Start of Supplied information
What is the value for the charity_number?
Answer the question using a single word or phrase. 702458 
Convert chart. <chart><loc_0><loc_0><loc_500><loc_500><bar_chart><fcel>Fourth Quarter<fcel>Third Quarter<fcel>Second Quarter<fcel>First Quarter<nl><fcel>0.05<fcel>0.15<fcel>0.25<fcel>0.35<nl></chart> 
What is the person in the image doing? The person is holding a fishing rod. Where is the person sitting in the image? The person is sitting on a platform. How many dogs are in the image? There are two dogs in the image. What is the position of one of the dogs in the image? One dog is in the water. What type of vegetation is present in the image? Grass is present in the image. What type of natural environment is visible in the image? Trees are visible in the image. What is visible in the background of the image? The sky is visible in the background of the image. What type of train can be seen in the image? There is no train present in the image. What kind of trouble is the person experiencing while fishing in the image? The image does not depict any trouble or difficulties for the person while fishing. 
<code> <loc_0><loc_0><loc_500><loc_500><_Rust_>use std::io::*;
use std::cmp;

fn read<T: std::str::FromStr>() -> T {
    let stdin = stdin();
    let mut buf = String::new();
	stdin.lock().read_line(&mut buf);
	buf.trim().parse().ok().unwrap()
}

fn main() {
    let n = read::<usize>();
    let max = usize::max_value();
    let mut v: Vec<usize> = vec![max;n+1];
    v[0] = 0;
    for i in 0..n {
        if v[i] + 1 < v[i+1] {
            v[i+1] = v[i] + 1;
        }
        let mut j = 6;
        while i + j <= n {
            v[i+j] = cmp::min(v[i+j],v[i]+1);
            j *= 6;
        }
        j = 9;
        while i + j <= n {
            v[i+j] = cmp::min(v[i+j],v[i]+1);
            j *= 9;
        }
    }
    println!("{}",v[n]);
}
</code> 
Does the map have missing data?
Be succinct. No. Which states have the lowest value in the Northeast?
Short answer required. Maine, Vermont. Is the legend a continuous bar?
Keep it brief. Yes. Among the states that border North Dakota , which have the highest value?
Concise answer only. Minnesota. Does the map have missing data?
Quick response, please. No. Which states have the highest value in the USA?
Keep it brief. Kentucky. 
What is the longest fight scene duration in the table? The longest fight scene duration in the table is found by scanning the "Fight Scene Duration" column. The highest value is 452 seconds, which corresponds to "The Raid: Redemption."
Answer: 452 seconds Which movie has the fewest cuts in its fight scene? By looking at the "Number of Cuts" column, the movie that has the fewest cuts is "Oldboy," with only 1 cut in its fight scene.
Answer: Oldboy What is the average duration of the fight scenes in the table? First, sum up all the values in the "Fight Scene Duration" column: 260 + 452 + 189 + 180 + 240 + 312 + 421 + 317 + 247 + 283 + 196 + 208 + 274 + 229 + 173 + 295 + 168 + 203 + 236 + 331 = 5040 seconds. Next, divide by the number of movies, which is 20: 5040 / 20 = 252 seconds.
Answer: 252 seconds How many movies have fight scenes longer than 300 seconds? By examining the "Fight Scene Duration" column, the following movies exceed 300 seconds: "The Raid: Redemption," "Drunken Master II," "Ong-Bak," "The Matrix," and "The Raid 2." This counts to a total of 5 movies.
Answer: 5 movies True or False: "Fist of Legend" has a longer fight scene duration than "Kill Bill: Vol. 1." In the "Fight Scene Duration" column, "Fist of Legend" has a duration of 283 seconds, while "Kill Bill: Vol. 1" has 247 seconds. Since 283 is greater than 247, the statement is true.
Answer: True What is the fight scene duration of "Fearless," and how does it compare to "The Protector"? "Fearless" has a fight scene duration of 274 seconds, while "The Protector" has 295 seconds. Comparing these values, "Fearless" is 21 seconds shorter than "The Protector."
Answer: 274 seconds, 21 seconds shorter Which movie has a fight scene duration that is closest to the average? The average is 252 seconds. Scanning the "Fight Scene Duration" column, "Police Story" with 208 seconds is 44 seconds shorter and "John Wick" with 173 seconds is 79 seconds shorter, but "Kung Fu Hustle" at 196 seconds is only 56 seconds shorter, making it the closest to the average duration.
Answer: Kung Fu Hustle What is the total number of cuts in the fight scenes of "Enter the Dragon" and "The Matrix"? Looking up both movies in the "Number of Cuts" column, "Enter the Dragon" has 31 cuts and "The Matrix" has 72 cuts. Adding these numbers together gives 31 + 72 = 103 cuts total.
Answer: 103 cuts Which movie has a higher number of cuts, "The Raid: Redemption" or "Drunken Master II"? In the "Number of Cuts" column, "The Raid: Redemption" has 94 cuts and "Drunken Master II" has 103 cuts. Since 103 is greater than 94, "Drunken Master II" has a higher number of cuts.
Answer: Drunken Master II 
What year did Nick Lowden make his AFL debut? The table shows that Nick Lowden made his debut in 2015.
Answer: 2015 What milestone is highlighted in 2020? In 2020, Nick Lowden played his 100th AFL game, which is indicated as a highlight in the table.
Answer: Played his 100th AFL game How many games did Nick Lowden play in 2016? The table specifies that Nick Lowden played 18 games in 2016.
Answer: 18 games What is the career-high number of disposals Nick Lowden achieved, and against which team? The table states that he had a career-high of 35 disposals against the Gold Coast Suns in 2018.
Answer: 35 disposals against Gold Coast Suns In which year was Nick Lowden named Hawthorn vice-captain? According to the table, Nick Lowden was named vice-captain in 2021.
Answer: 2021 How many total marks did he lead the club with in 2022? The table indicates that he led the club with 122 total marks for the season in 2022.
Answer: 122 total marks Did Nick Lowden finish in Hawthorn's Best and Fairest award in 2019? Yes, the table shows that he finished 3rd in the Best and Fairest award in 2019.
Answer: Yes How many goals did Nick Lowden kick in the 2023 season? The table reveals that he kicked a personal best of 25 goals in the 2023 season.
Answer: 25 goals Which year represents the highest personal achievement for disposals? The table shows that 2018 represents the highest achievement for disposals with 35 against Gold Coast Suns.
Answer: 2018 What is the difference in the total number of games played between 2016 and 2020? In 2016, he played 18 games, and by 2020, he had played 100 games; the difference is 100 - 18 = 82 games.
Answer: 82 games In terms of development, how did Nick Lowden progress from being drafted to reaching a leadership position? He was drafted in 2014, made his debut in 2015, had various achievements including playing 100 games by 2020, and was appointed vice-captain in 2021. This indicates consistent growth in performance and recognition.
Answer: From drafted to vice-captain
End of Supplied information
Problem description:
A word-for-word repetition of the listing above is required.

Your solution:
What is the value for the charity_number?
Answer the question using a single word or phrase. 702458 
Convert chart. <chart><loc_0><loc_0><loc_500><loc_500><bar_chart><fcel>Fourth Quarter<fcel>Third Quarter<fcel>Second Quarter<fcel>First Quarter<nl><fcel>0.05<fcel>0.15<fcel>0.25<fcel>0.35<nl></chart> 
What is the person in the image doing? The person is holding a fishing rod. Where is the person sitting in the image? The person is sitting on a platform. How many dogs are in the image? There are two dogs in the image. What is the position of one of the dogs in the image? One dog is in the water. What type of vegetation is present in the image? Grass is present in the image. What type of natural environment is visible in the image? Trees are visible in the image. What is visible in the background of the image? The sky is visible in the background of the image. What type of train can be seen in the image? There is no train present in the image. What kind of trouble is the person experiencing while fishing in the image? The image does not depict any trouble or difficulties for the person while fishing. 
<code> <loc_0><loc_0><loc_500><loc_500><_Rust_>use std::io::*;
use std::cmp;

fn read<T: std::str::FromStr>() -> T {
    let stdin = stdin();
    let mut buf = String::new();
	stdin.lock().read_line(&mut buf);
	buf.trim().parse().ok().unwrap()
}

fn main() {
    let n = read::<usize>();
    let max = usize::max_value();
    let mut v: Vec<usize> = vec![max;n+1];
    v[0] = 0;
    for i in 0..n {
        if v[i] + 1 < v[i+1] {
            v[i+1] = v[i] + 1;
        }
        let mut j = 6;
        while i + j <= n {
            v[i+j] = cmp::min(v[i+j],v[i]+1);
            j *= 6;
        }
        j = 9;
        while i + j <= n {
            v[i+j] = cmp::min(v[i+j],v[i]+1);
            j *= 9;
        }
    }
    println!("{}",v[n]);
}
</code> 
Does the map have missing data?
Be succinct. No. Which states have the lowest value in the Northeast?
Short answer required. Maine, Vermont. Is the legend a continuous bar?
Keep it brief. Yes. Among the states that border North Dakota , which have the highest value?
Concise answer only. Minnesota. Does the map have missing data?
Quick response, please. No. Which states have the highest value in the USA?
Keep it brief. Kentucky. 
What is the longest fight scene duration in the table? The longest fight scene duration in the table is found by scanning the "Fight Scene Duration" column. The highest value is 452 seconds, which corresponds to "The Raid: Redemption."
Answer: 452 seconds Which movie has the fewest cuts in its fight scene? By looking at the "Number of Cuts" column, the movie that has the fewest cuts is "Oldboy," with only 1 cut in its fight scene.
Answer: Oldboy What is the average duration of the fight scenes in the table? First, sum up all the values in the "Fight Scene Duration" column: 260 + 452 + 189 + 180 + 240 + 312 + 421 + 317 + 247 + 283 + 196 + 208 + 274 + 229 + 173 + 295 + 168 + 203 + 236 + 331 = 5040 seconds. Next, divide by the number of movies, which is 20: 5040 / 20 = 252 seconds.
Answer: 252 seconds How many movies have fight scenes longer than 300 seconds? By examining the "Fight Scene Duration" column, the following movies exceed 300 seconds: "The Raid: Redemption," "Drunken Master II," "Ong-Bak," "The Matrix," and "The Raid 2." This counts to a total of 5 movies.
Answer: 5 movies True or False: "Fist of Legend" has a longer fight scene duration than "Kill Bill: Vol. 1." In the "Fight Scene Duration" column, "Fist of Legend" has a duration of 283 seconds, while "Kill Bill: Vol. 1" has 247 seconds. Since 283 is greater than 247, the statement is true.
Answer: True What is the fight scene duration of "Fearless," and how does it compare to "The Protector"? "Fearless" has a fight scene duration of 274 seconds, while "The Protector" has 295 seconds. Comparing these values, "Fearless" is 21 seconds shorter than "The Protector."
Answer: 274 seconds, 21 seconds shorter Which movie has a fight scene duration that is closest to the average? The average is 252 seconds. Scanning the "Fight Scene Duration" column, "Police Story" with 208 seconds is 44 seconds shorter and "John Wick" with 173 seconds is 79 seconds shorter, but "Kung Fu Hustle" at 196 seconds is only 56 seconds shorter, making it the closest to the average duration.
Answer: Kung Fu Hustle What is the total number of cuts in the fight scenes of "Enter the Dragon" and "The Matrix"? Looking up both movies in the "Number of Cuts" column, "Enter the Dragon" has 31 cuts and "The Matrix" has 72 cuts. Adding these numbers together gives 31 + 72 = 103 cuts total.
Answer: 103 cuts Which movie has a higher number of cuts, "The Raid: Redemption" or "Drunken Master II"? In the "Number of Cuts" column, "The Raid: Redemption" has 94 cuts and "Drunken Master II" has 103 cuts. Since 103 is greater than 94, "Drunken Master II" has a higher number of cuts.
Answer: Drunken Master II 
What year did Nick Lowden make his AFL debut? The table shows that Nick Lowden made his debut in 2015.
Answer: 2015 What milestone is highlighted in 2020? In 2020, Nick Lowden played his 100th AFL game, which is indicated as a highlight in the table.
Answer: Played his 100th AFL game How many games did Nick Lowden play in 2016? The table specifies that Nick Lowden played 18 games in 2016.
Answer: 18 games What is the career-high number of disposals Nick Lowden achieved, and against which team? The table states that he had a career-high of 35 disposals against the Gold Coast Suns in 2018.
Answer: 35 disposals against Gold Coast Suns In which year was Nick Lowden named Hawthorn vice-captain? According to the table, Nick Lowden was named vice-captain in 2021.
Answer: 2021 How many total marks did he lead the club with in 2022? The table indicates that he led the club with 122 total marks for the season in 2022.
Answer: 122 total marks Did Nick Lowden finish in Hawthorn's Best and Fairest award in 2019? Yes, the table shows that he finished 3rd in the Best and Fairest award in 2019.
Answer: Yes How many goals did Nick Lowden kick in the 2023 season? The table reveals that he kicked a personal best of 25 goals in the 2023 season.
Answer: 25 goals Which year represents the highest personal achievement for disposals? The table shows that 2018 represents the highest achievement for disposals with 35 against Gold Coast Suns.
Answer: 2018 What is the difference in the total number of games played between 2016 and 2020? In 2016, he played 18 games, and by 2020, he had played 100 games; the difference is 100 - 18 = 82 games.
Answer: 82 games In terms of development, how did Nick Lowden progress from being drafted to reaching a leadership position? He was drafted in 2014, made his debut in 2015, had various achievements including playing 100 games by 2020, and was appointed vice-captain in 2021. This indicates consistent growth in performance and recognition.
Answer: From drafted to vice-captain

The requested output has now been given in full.